The refusal to give each of the sixteen instructions requested by the city are assigned as error. It is needless to incumber this opinion by setting out the requests to charge. We have examined all of them and find that so far as they stated correct principles of law and were applicable to the evidence, they had been covered by the instructions given. Many of the requests were incorrect, and especially is this true of the first and third. By the first the court was asked to peremptorily instruct the jury to return a verdict for the city; and by the third, that there could be no recovery if the deceased came to his death by drowning upon the private property of Mr. Connell. The error in these requests has been sufficiently *254indicated by tbe views already expressed. The requests were all rightly refused.

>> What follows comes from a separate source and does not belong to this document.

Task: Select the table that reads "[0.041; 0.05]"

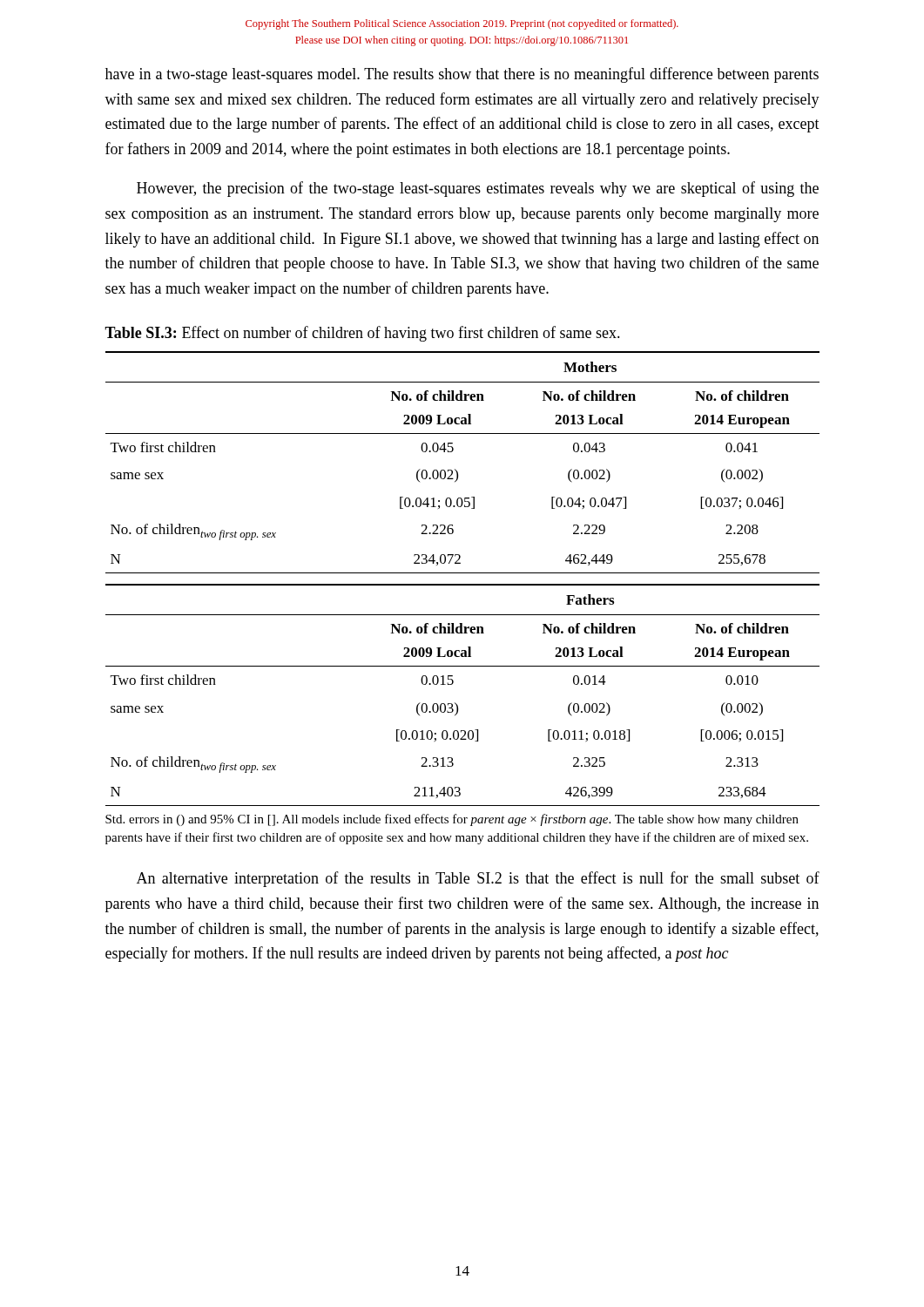Action: [x=462, y=578]
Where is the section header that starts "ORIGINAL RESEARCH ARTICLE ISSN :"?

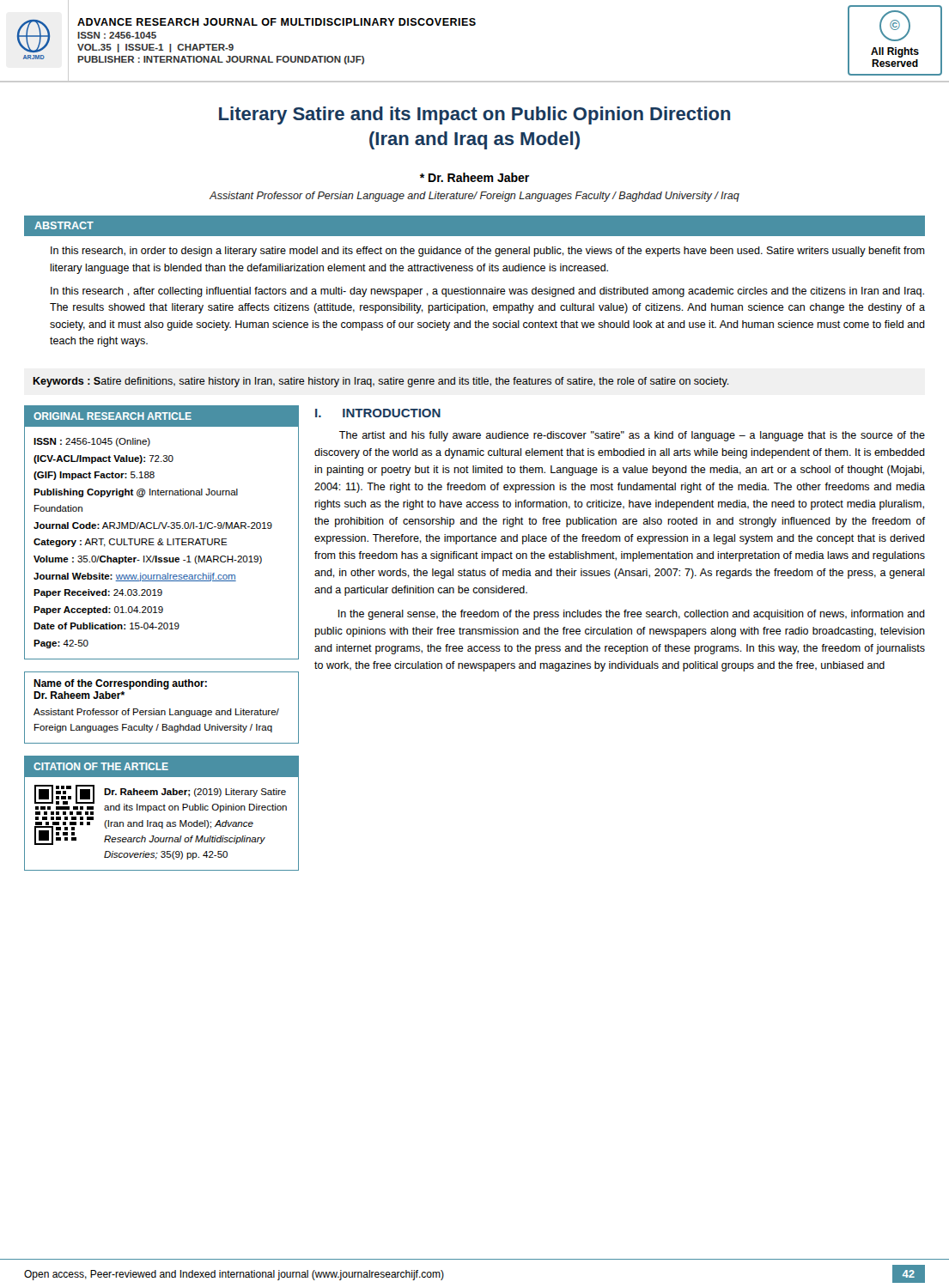[x=161, y=533]

It is insisted that the court erred in permitting the plaintiff to prove notice to the city of the accident by the introduction of a paper which had appended thereto the name of the plaintiff in typewriting, and also in the admission of certain testimony of the plaintiff. The assignment in the petition is insufficient to present these matters for review, the assignment being in this language:

“28. Error of the court, during the trial, in the admission of testimony over the objections and exceptions of plaintiff in error.”

This is too general. Errors must be specially assigned in a petition in error or they will not be considered. (Smith v. Mason, 45 Neb., 610, and cases there cited.)

It is finally urged that the damages are excessive. We decline to interfere with the verdict on this ground. No precise rule for ascertaining damages in such cases can be stated. The amount of compensation must be determined from the facts and circumstances of each particular case. Under the evidence adduced, the amount awarded by the jury is not so excessive as to call for interference. Verdicts for much larger sums in actions for the death of a child have been frequently sustained by the courts. See cases cited in brief of plaintiff below. The judgment is

Affirmed.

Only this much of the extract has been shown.